Le concept : l’entreprise 2.0 comme une nouvelle couche de l’entreprise

Avant de se demander comment faire, il importe d’avoir une idée claire de ce qu’on fait. Et le moins qu’on puisse dire est que la fin de l’année 2009 a été riche en enseignements, en réflexions. S’agit il de faire utiliser coute que coute de nouveaux outils ? Ou de (sur)connecter les individus sur le fondement d’une philosophie qui veut que leur nature profonde les amène naturellement à  développer des sentiments communautaires et changer leurs pratiques et comportement de travail. Visiblement l’un comme l’autre ont fait long feu.

Moins idéaliste mais plus pragmatique, l’entreprise 2.0 apparait de plus en plus comme un outil de productivité. Dans un monde « 1.0 » la productivité individuelle et collective passait par une spécialisation et une individualisation des tches, des process stricts et la lutte contre les écarts. La valeur est ici dans la procédure et sa conception. Dans un monde « 2.0 » caractérisé par un usage intensif de l’information et du savoir, la valeur n’est plus uniquement dans la procédure mais dans l’information et ceux qui la détiennent. Faire son travail, produire les livrables et résultats attendus demandent donc l’accès à  des ressources « hors procédure ». Pour cela il faut à  la fois des outils et des modes de fonctionnements qui ne se substituent pas nécessairement à  l’existant mais viennent le compléter.

J’écrivais il y a peu :

L’entreprise 2.0 est un ensemble d’outils et pratiques destinées à  augmenter le périmètre du capital humain et informationnel accessible et utilisable afin d’exécuter les process et workflows quotiens et délivrer les résultats attendus dans les délais impartis. Elle ne se construit pas hors ou à  la place des process business mais autour d’eux.

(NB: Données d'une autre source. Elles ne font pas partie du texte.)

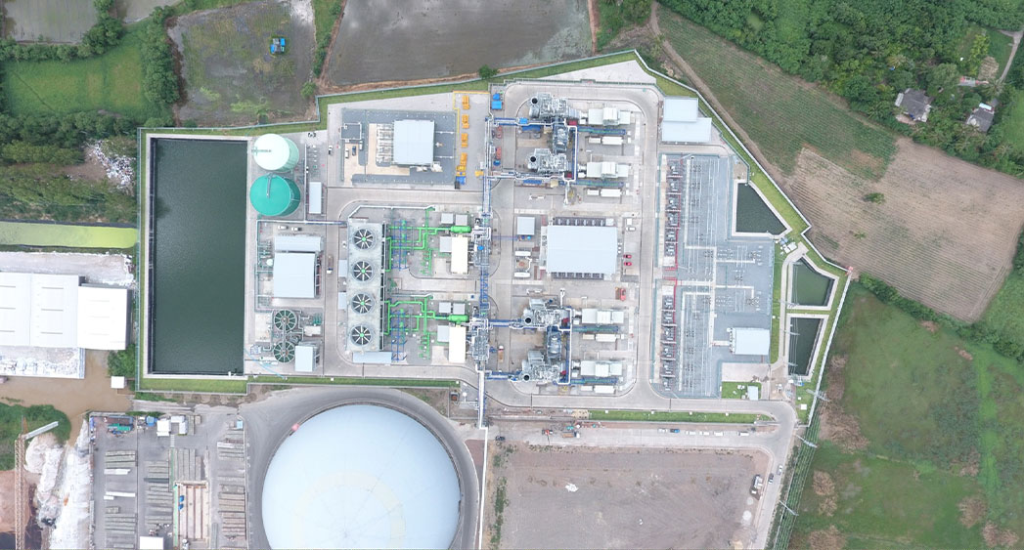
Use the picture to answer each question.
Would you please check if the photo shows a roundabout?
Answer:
No
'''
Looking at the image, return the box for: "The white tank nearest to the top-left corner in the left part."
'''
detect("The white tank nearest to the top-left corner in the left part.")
[251,133,298,174]
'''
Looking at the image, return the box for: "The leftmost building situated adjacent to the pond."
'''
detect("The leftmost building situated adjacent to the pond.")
[0,271,32,347]
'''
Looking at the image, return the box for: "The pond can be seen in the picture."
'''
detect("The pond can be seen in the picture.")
[0,222,136,249]
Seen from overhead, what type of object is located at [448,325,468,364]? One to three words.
house
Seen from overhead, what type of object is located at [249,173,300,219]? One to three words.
storage tank
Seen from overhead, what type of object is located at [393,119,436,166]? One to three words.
building
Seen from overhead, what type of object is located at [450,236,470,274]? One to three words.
house
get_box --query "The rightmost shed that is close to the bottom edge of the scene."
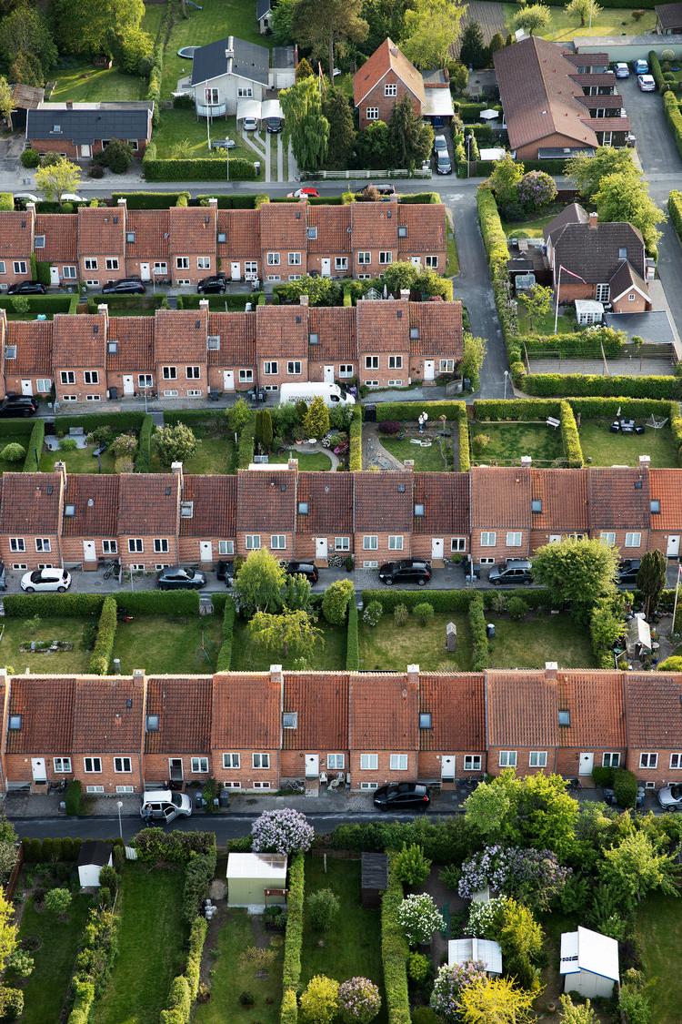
[551,920,617,993]
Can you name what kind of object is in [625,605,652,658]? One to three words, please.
greenhouse
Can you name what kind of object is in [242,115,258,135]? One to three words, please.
car
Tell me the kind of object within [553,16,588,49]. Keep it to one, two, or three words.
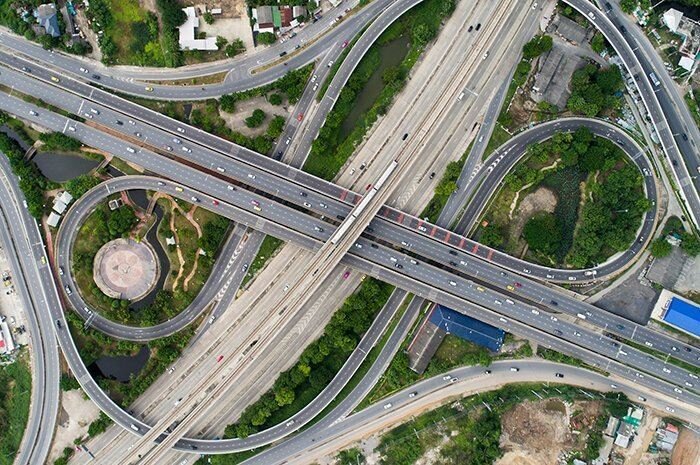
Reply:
building
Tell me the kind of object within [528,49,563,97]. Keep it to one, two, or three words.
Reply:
building
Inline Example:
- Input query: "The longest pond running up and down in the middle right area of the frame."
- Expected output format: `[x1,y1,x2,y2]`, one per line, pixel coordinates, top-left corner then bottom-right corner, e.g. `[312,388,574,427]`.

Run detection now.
[543,165,586,264]
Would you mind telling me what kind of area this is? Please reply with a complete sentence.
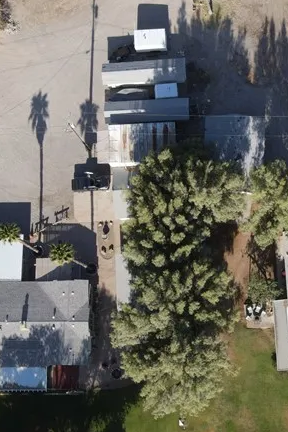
What you see here is a residential area.
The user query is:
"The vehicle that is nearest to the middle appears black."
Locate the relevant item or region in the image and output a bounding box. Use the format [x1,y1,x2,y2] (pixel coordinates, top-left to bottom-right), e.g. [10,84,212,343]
[73,177,112,192]
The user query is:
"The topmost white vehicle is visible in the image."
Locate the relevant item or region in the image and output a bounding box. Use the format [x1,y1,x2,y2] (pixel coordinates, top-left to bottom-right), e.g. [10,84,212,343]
[131,28,169,60]
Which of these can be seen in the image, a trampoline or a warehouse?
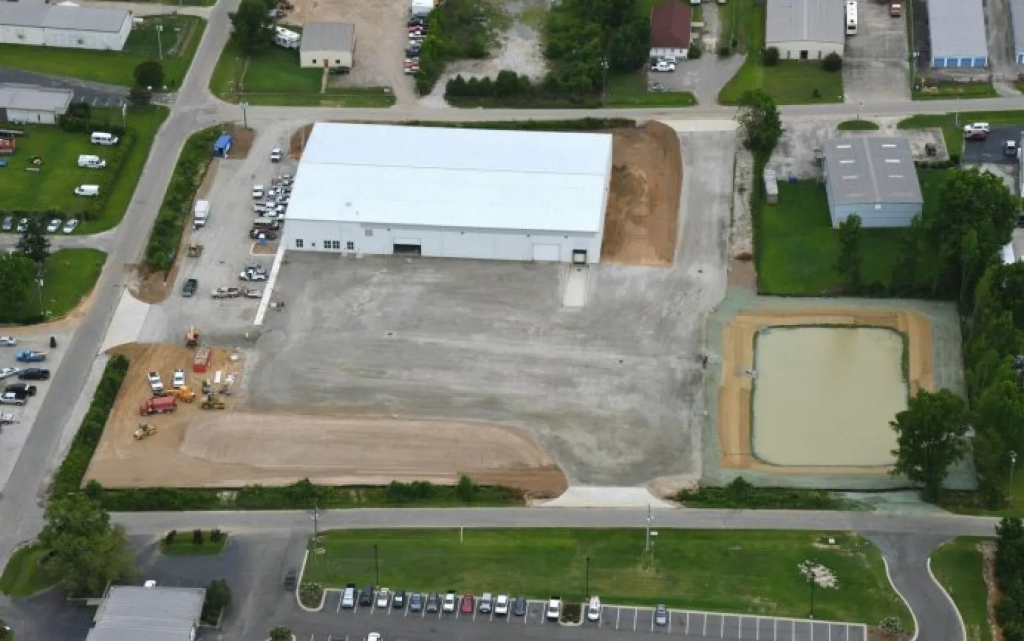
warehouse
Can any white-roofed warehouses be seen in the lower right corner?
No
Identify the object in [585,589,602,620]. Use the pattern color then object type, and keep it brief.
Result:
white vehicle
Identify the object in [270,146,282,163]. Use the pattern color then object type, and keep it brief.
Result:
white vehicle
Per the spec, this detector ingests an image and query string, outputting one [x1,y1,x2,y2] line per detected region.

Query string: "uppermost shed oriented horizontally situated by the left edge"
[0,5,133,50]
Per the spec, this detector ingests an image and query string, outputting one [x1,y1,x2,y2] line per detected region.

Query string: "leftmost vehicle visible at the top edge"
[271,29,300,48]
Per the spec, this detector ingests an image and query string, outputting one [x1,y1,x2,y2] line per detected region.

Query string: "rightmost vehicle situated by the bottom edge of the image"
[654,602,669,623]
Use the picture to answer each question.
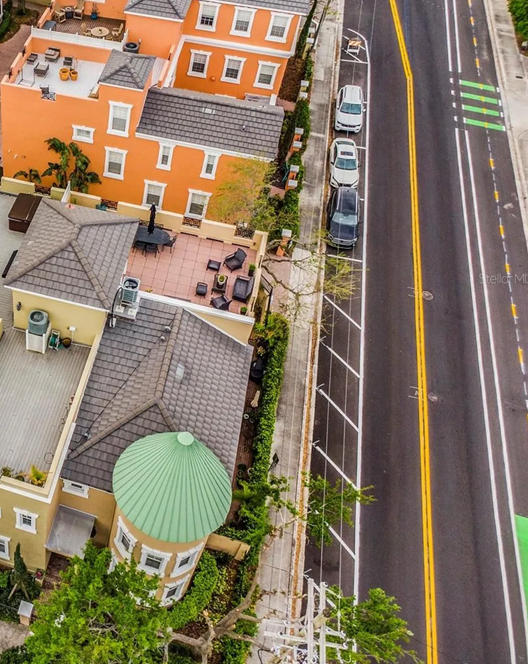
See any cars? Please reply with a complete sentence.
Yes, the image includes a car.
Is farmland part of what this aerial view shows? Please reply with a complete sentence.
No, the scene doesn't show any farmland.
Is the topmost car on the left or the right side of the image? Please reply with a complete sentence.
The topmost car is on the right side of the image.
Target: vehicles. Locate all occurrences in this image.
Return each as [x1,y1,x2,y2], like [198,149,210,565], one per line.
[336,89,370,140]
[332,145,368,193]
[329,190,370,255]

Cela demande encore à  être affiné mais la tendance est là . L’entreprise a pour vocation de produire et c’est une dimension structurante qu’il s’agit de conserver. L’entreprise 2.0 n’est donc qu’une couche supplémentaire permettant de maximiser l’utilisation de ressources encore mal ou sous exploitées.  C’est une couche de pratiques et d’outils nouveaux qui permettent à  chacun d’accéder et mobiliser ce et ceux qui lui sont nécessaires pour remplir ses objectifs. Où l’on reparle de la notion de système et d’Organisation Orientée Service ou de Wirearchy.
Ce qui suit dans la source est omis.